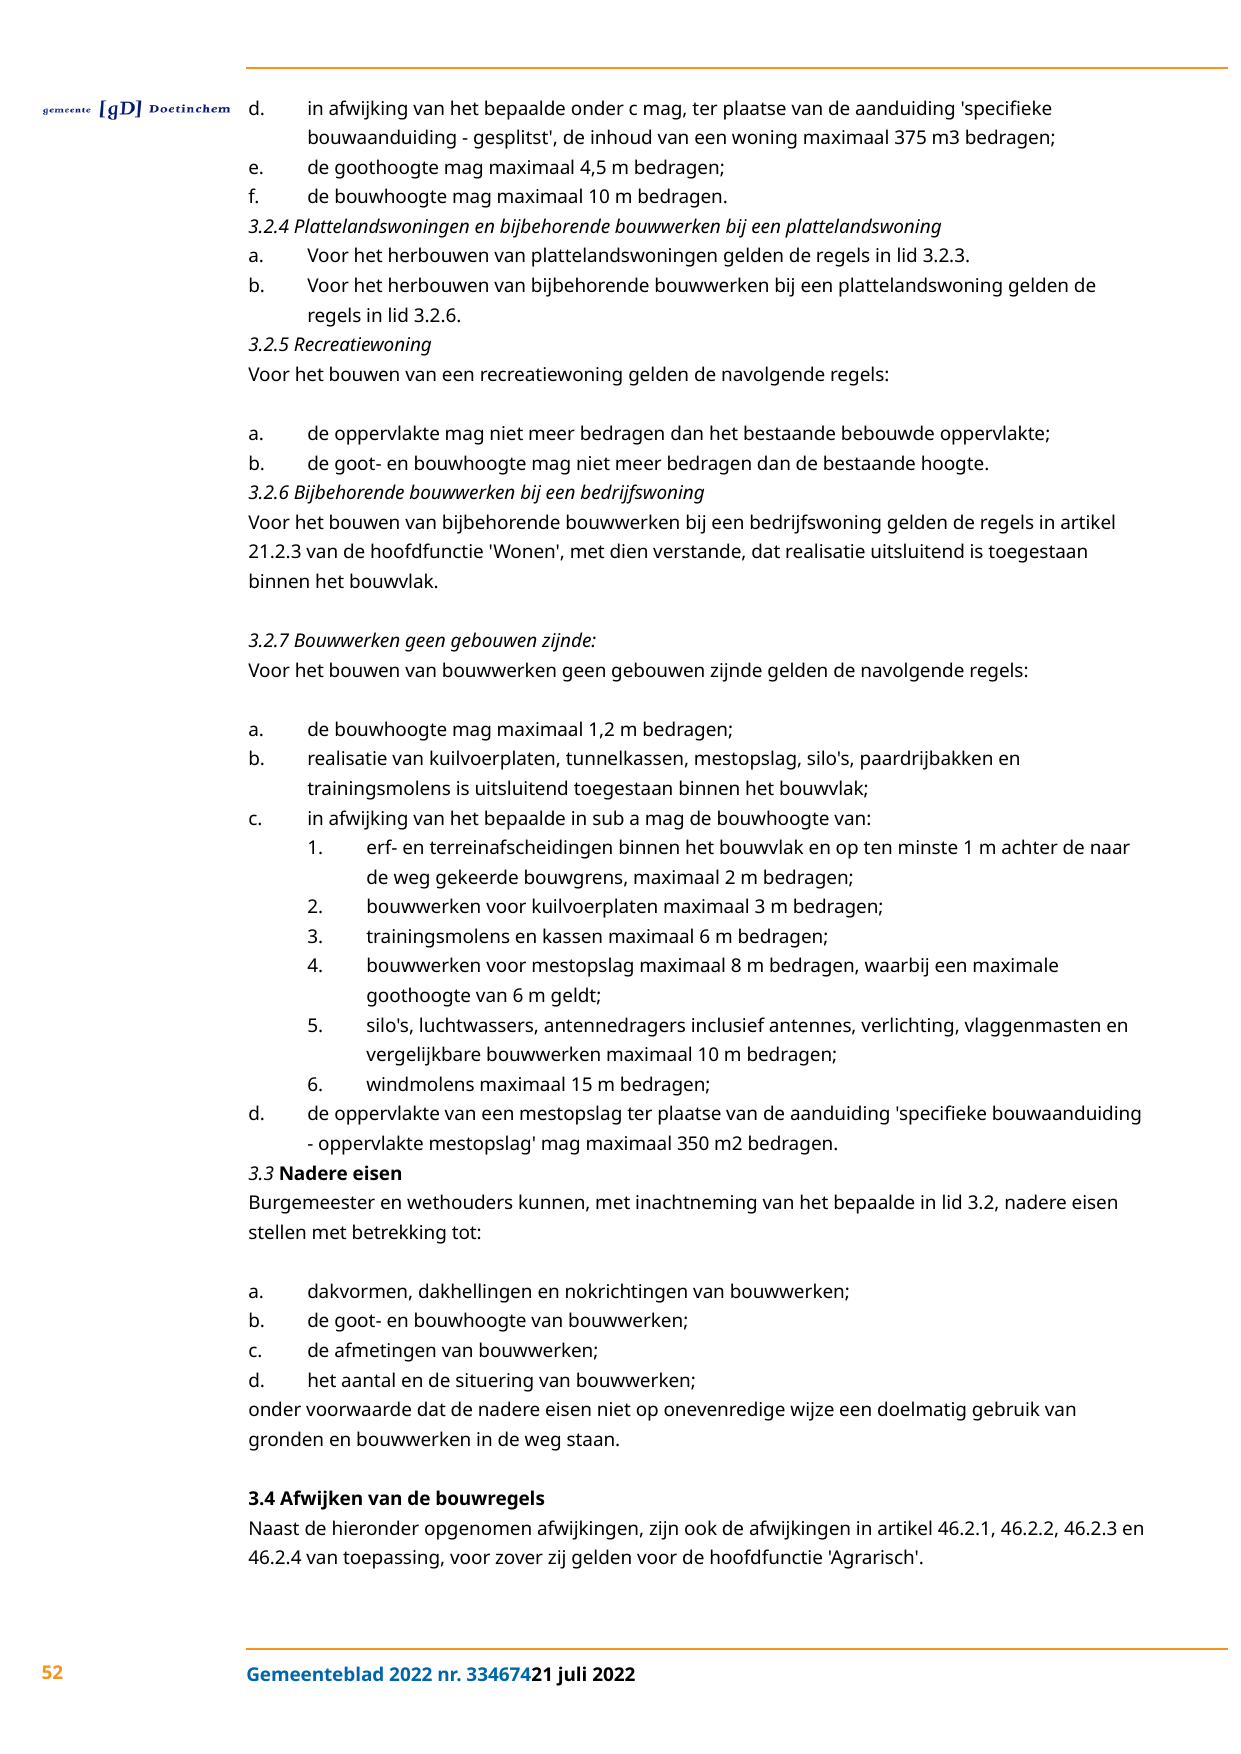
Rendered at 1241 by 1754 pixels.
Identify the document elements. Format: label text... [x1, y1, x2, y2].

list Voor het herbouwen van bijbehorende bouwwerken bij een plattelandswoning gelden de regels in lid 3.2.6. [248, 272, 1152, 328]
text 3.3 Nadere eisen [248, 1160, 1152, 1186]
list de goot- en bouwhoogte van bouwwerken; [248, 1308, 1152, 1333]
list het aantal en de situering van bouwwerken; [248, 1367, 1152, 1393]
text 3.2.7 Bouwwerken geen gebouwen zijnde: [248, 627, 1152, 653]
list erf- en terreinafscheidingen binnen het bouwvlak en op ten minste 1 m achter de naar de weg gekeerde bouwgrens, maximaal 2 m bedragen; [307, 834, 1152, 890]
text 3.2.4 Plattelandswoningen en bijbehorende bouwwerken bij een plattelandswoning [248, 213, 1152, 239]
list de afmetingen van bouwwerken; [248, 1337, 1152, 1363]
list bouwwerken voor kuilvoerplaten maximaal 3 m bedragen; [307, 893, 1152, 919]
text Voor het bouwen van een recreatiewoning gelden de navolgende regels: [248, 361, 1152, 387]
list Voor het herbouwen van plattelandswoningen gelden de regels in lid 3.2.3. [248, 243, 1152, 268]
list dakvormen, dakhellingen en nokrichtingen van bouwwerken; [248, 1278, 1152, 1304]
list silo's, luchtwassers, antennedragers inclusief antennes, verlichting, vlaggenmasten en vergelijkbare bouwwerken maximaal 10 m bedragen; [307, 1012, 1152, 1067]
list in afwijking van het bepaalde onder c mag, ter plaatse van de aanduiding 'specifieke bouwaanduiding - gesplitst', de inhoud van een woning maximaal 375 m3 bedragen; [248, 95, 1152, 150]
text Burgemeester en wethouders kunnen, met inachtneming van het bepaalde in lid 3.2, nadere eisen stellen met betrekking tot: [248, 1189, 1152, 1245]
list de bouwhoogte mag maximaal 1,2 m bedragen; [248, 716, 1152, 742]
list realisatie van kuilvoerplaten, tunnelkassen, mestopslag, silo's, paardrijbakken en trainingsmolens is uitsluitend toegestaan binnen het bouwvlak; [248, 746, 1152, 801]
list in afwijking van het bepaalde in sub a mag de bouwhoogte van: [248, 805, 1152, 831]
list trainingsmolens en kassen maximaal 6 m bedragen; [307, 923, 1152, 949]
list bouwwerken voor mestopslag maximaal 8 m bedragen, waarbij een maximale goothoogte van 6 m geldt; [307, 953, 1152, 1008]
text 3.2.6 Bijbehorende bouwwerken bij een bedrijfswoning [248, 479, 1152, 505]
text Naast de hieronder opgenomen afwijkingen, zijn ook de afwijkingen in artikel 46.2.1, 46.2.2, 46.2.3 en 46.2.4 van toepassing, voor zover zij gelden voor de hoofdfunctie 'Agrarisch'. [248, 1515, 1152, 1570]
list de oppervlakte mag niet meer bedragen dan het bestaande bebouwde oppervlakte; [248, 420, 1152, 446]
list windmolens maximaal 15 m bedragen; [307, 1071, 1152, 1097]
text onder voorwaarde dat de nadere eisen niet op onevenredige wijze een doelmatig gebruik van gronden en bouwwerken in de weg staan. [248, 1396, 1152, 1452]
list de goot- en bouwhoogte mag niet meer bedragen dan de bestaande hoogte. [248, 450, 1152, 476]
list de oppervlakte van een mestopslag ter plaatse van de aanduiding 'specifieke bouwaanduiding - oppervlakte mestopslag' mag maximaal 350 m2 bedragen. [248, 1101, 1152, 1156]
text Voor het bouwen van bijbehorende bouwwerken bij een bedrijfswoning gelden de regels in artikel 21.2.3 van de hoofdfunctie 'Wonen', met dien verstande, dat realisatie uitsluitend is toegestaan binnen het bouwvlak. [248, 509, 1152, 594]
text Voor het bouwen van bouwwerken geen gebouwen zijnde gelden de navolgende regels: [248, 657, 1152, 683]
text 3.2.5 Recreatiewoning [248, 331, 1152, 357]
list de goothoogte mag maximaal 4,5 m bedragen; [248, 154, 1152, 180]
picture [41, 47, 231, 172]
text 3.4 Afwijken van de bouwregels [248, 1485, 1152, 1511]
list de bouwhoogte mag maximaal 10 m bedragen. [248, 183, 1152, 209]
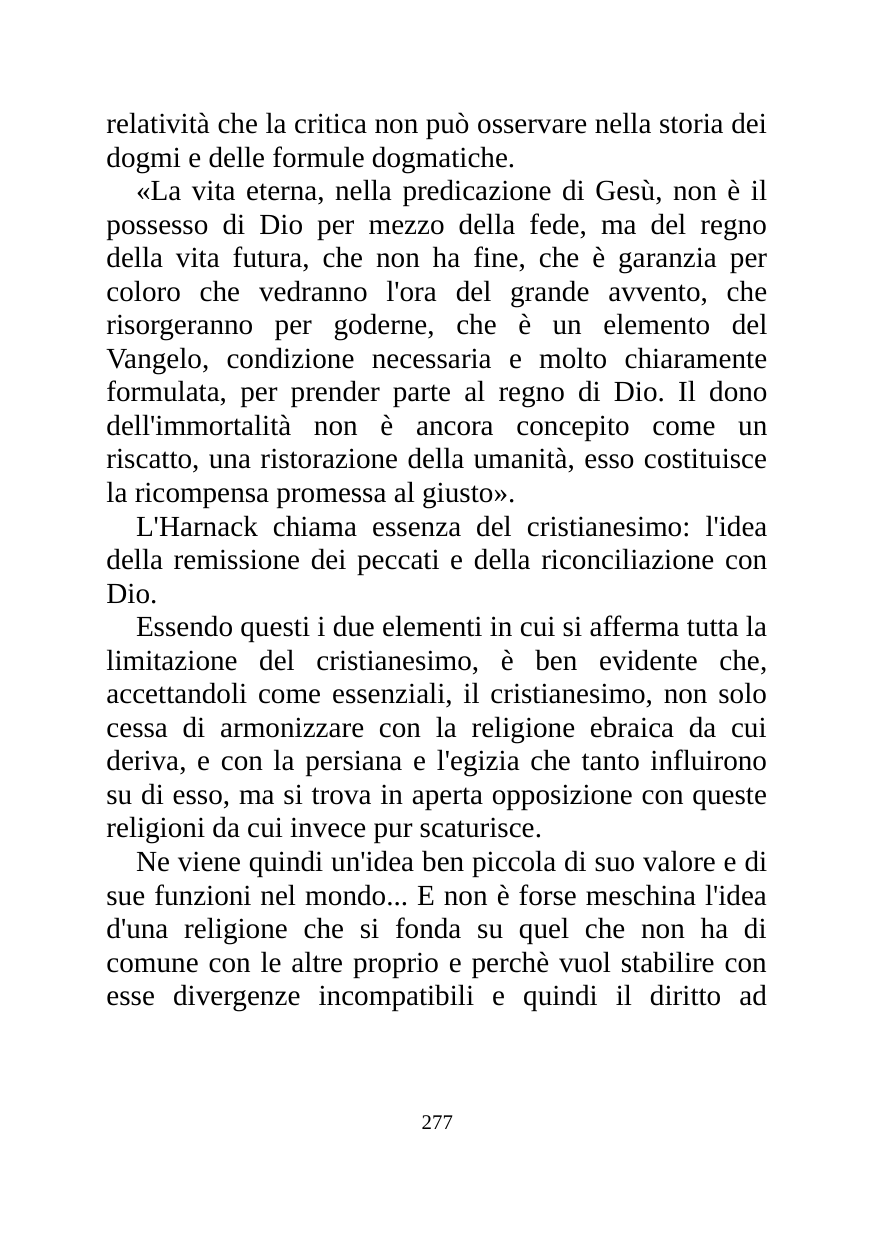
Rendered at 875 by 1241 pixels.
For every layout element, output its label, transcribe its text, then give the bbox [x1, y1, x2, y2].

text «La vita eterna, nella predicazione di Gesù, non è il possesso di Dio per mezzo della fede, ma del regno della vita futura, che non ha fine, che è garanzia per coloro che vedranno l'ora del grande avvento, che risorgeranno per goderne, che è un elemento del Vangelo, condizione necessaria e molto chiaramente formulata, per prender parte al regno di Dio. Il dono dell'immortalità non è ancora concepito come un riscatto, una ristorazione della umanità, esso costituisce la ricompensa promessa al giusto». [106, 173, 768, 509]
text Ne viene quindi un'idea ben piccola di suo valore e di sue funzioni nel mondo... E non è forse meschina l'idea d'una religione che si fonda su quel che non ha di comune con le altre proprio e perchè vuol stabilire con esse divergenze incompatibili e quindi il diritto ad [106, 844, 768, 1012]
text Essendo questi i due elementi in cui si afferma tutta la limitazione del cristianesimo, è ben evidente che, accettandoli come essenziali, il cristianesimo, non solo cessa di armonizzare con la religione ebraica da cui deriva, e con la persiana e l'egizia che tanto influirono su di esso, ma si trova in aperta opposizione con queste religioni da cui invece pur scaturisce. [106, 609, 768, 844]
text relatività che la critica non può osservare nella storia dei dogmi e delle formule dogmatiche. [106, 106, 768, 173]
text L'Harnack chiama essenza del cristianesimo: l'idea della remissione dei peccati e della riconciliazione con Dio. [106, 509, 768, 609]
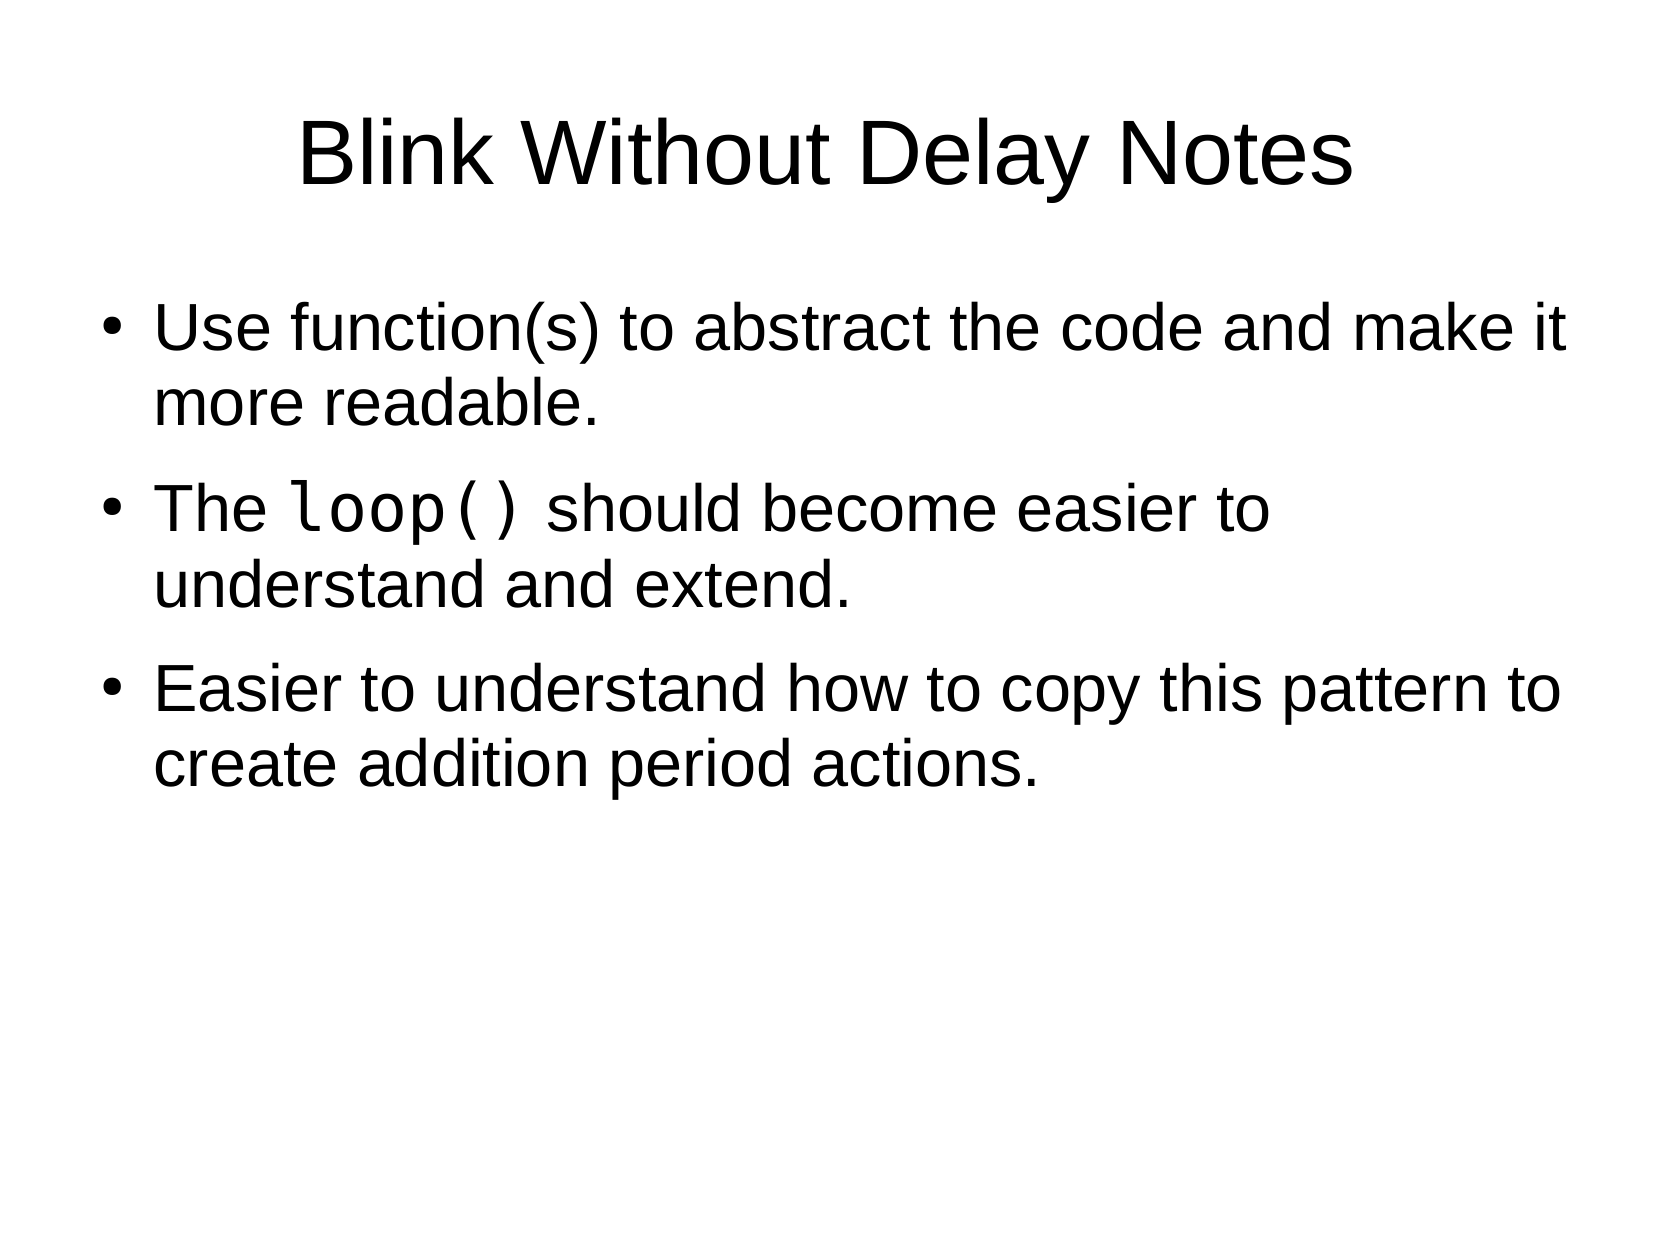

------------------------------------

§ YOUR GOAL:
Produce a word-for-word copy of everything above from the line holding "list realisatie van" down to the line holding "list trainingsmolens en", with both of those lines kept.

§ SOLUTION:
list realisatie van kuilvoerplaten, tunnelkassen, mestopslag, silo's, paardrijbakken en trainingsmolens is uitsluitend toegestaan binnen het bouwvlak; [248, 746, 1152, 801]
list in afwijking van het bepaalde in sub a mag de bouwhoogte van: [248, 805, 1152, 831]
list trainingsmolens en kassen maximaal 6 m bedragen; [307, 923, 1152, 949]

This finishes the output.